The merger of Legacy into Berkshire will create a combined institution with $4 billion in assets. This in-market merger will create efficiencies and market share benefits for the combined banks, which both have branches in Western Massachusetts and Northeastern New York. Including Berkshire's pending merger with Rome Bancorp, the combined bank will have more than 60 offices serving Berkshire County, the Pioneer Valley, New York and Southern Vermont.   

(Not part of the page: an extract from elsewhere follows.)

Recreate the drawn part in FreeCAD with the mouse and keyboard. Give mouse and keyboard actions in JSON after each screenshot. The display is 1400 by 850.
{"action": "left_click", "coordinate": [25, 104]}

Legacy has nearly $1 billion in assets and 19 branches, while Berkshire has nearly $3 billion in assets and will have 47 branches including the Rome branches. Both institutions offer a wide range of personal and commercial banking products and services, as well as wealth management, investments, and insurance services. Both banks are headquartered in Pittsfield and have histories stretching back more than 150 years serving the Berkshire County market. The combined bank will be well-capitalized, with strong asset quality and strong planned revenue and core earnings growth. Berkshire will have a market capitalization exceeding $400 million and a dividend yield exceeding 3 percent based on current stock market prices. 

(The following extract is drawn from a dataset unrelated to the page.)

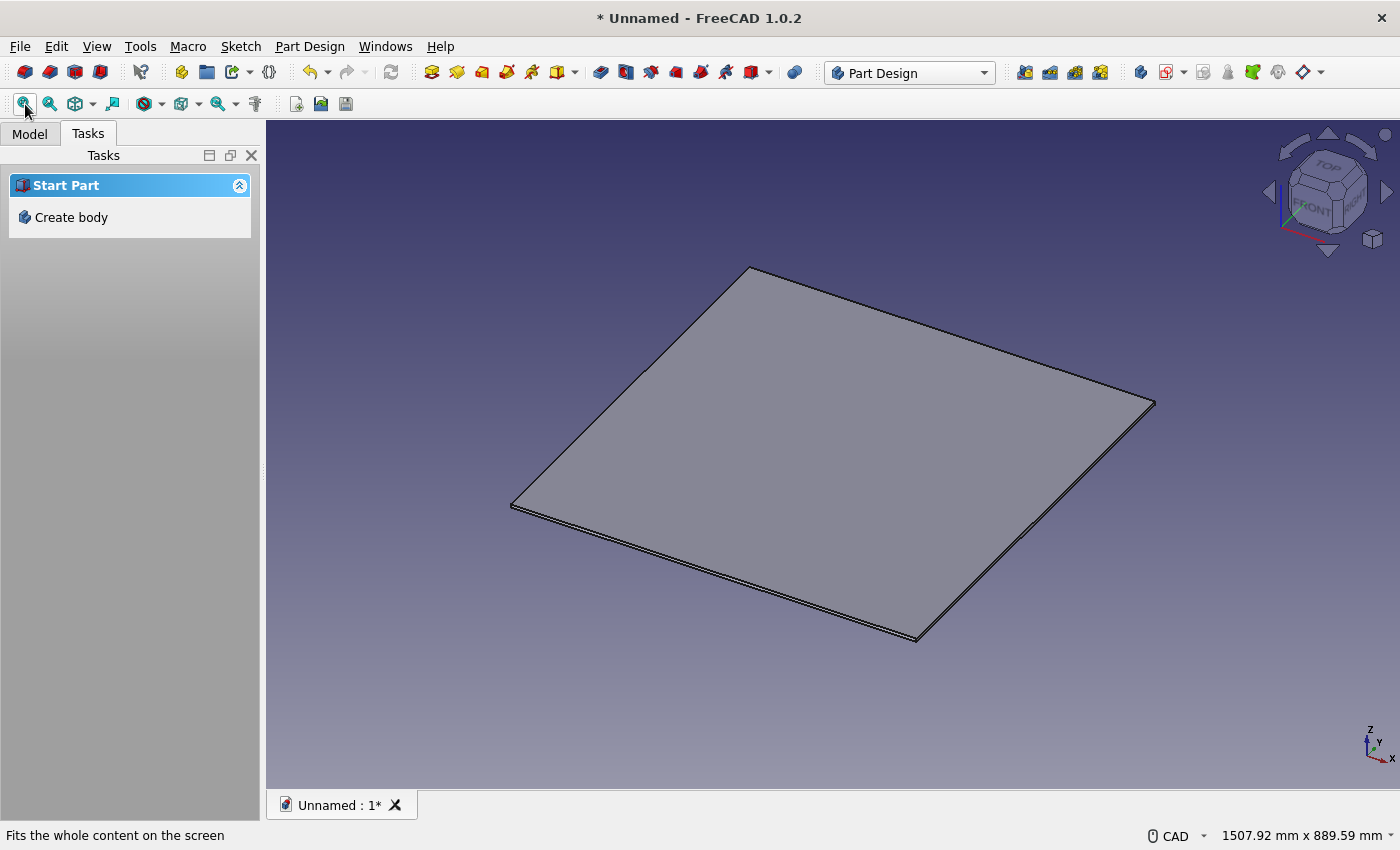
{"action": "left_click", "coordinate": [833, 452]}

Michael P. Daly, Berkshire's president and chief executive officer, stated, "this in-market combination will create a strong platform headquartered in Berkshire County for further growth of our Northeast regional franchise. I look forward to welcoming the Legacy team into the culture of 'America's Most Exciting Bank' as we together provide the best financial support and solutions to our markets. The transaction will be immediately accretive to core earnings per share, and the other metrics of this merger demonstrate that it is fairly priced and will produce an attractive return to investors." 

"Shareholders will also benefit from our larger market capitalization and stock trading liquidity, and our strong franchise positioning in the middle of the Northeast region. We expect to complete our pending merger with Rome Bancorp in the first quarter of 2011 and to complete the Legacy merger in the following quarter, accelerating our planned return to a $2 annualized core EPS run-rate. Our strong executive team is positioned to complete these integrations flawlessly, and we look forward to welcoming Legacy executive Patrick Sullivan onto this team, along with two Legacy directors onto our board, including J. Williar Dunlaevy."

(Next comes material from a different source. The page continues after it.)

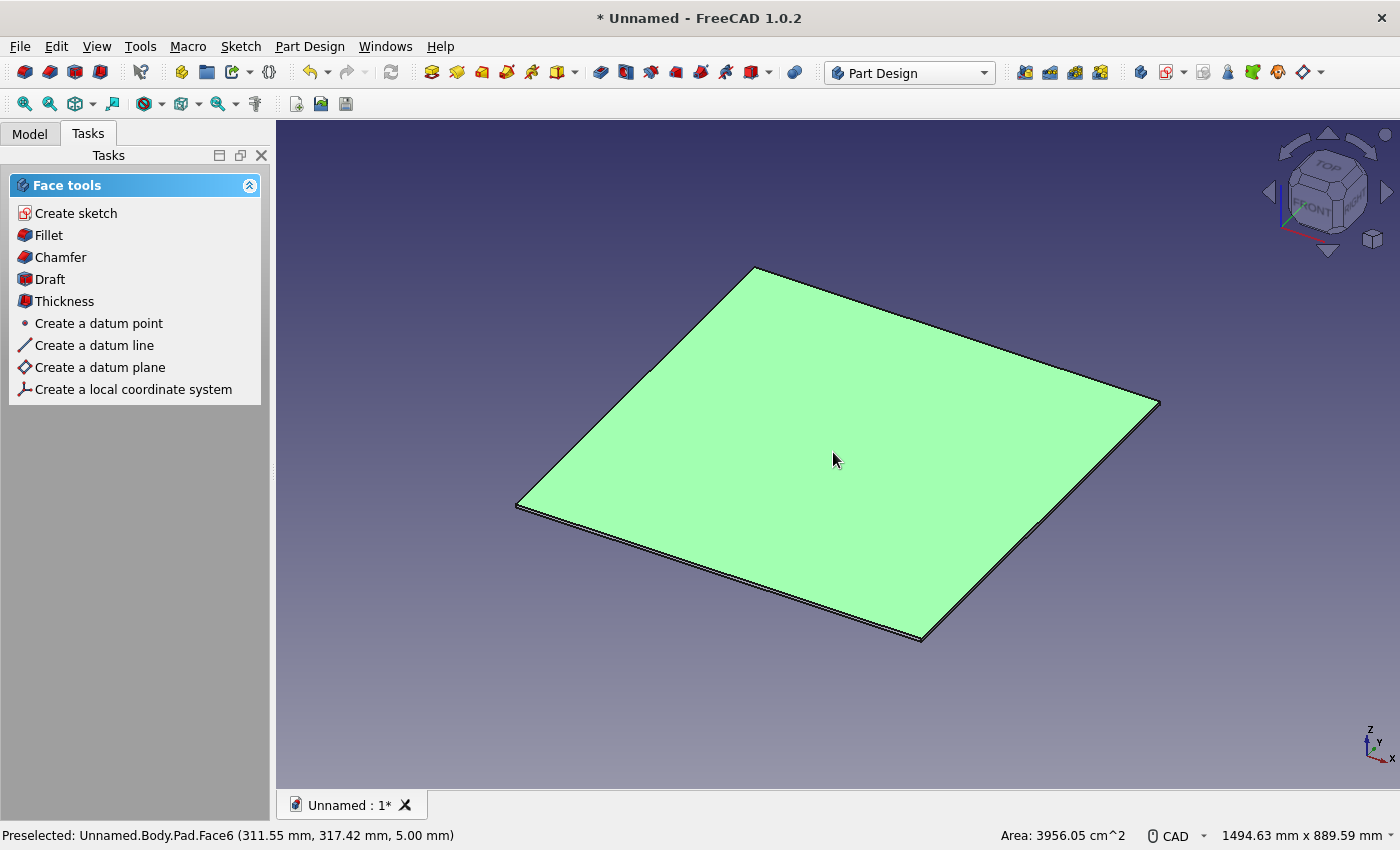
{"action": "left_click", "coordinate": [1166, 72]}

Dunlaevy stated, "Legacy and Berkshire have been friendly competitors over the years, and now we're joining the Berkshire team to create a larger combined platform to serve our traditional and target markets. This transaction produces a very attractive immediate return to our shareholders. Additionally, Berkshire's stock has excellent prospects for further attractive investment returns, particularly including the benefits of this partnership, which will provide long term benefits to all of our constituencies."

Sullivan added, "As we considered our strategic alternatives, there were compelling reasons for us to seek this partnership with Berkshire. Berkshire is a company with strong momentum and is well positioned as a bank that knows our communities, understands the customers we serve, and offers a unique brand promise for customer engagement. I look forward to joining the Berkshire executive team, and to successfully integrating our neighboring operations and accelerating our combined earnings growth in New England and New York."


The merger is valued at $13 per share of Legacy common stock based on the $20.75 average closing price of Berkshire's stock for the 10-day period ending Dec. 15, 2010. Under the terms of the merger agreement, each outstanding share of Legacy common stock will be exchanged for 0.56385 Berkshire common shares plus $1.30 in cash.  As a result, 90 percent of the merger consideration will be in the form of Berkshire stock and 10 percent will be in the form of cash. The $13 per share value represents 110 percent of Legacy's tangible book value per share and a 1.0 percent premium to core deposits based on financial information as of Sept. 30, 2010. The merger is expected to be completed by June 30, 2011. It is expected to be $0.10 accretive to Berkshire's core earnings per share in 2012, which will be the first full year of operations, and there will also be some accretive benefit in the 2011 transition year.     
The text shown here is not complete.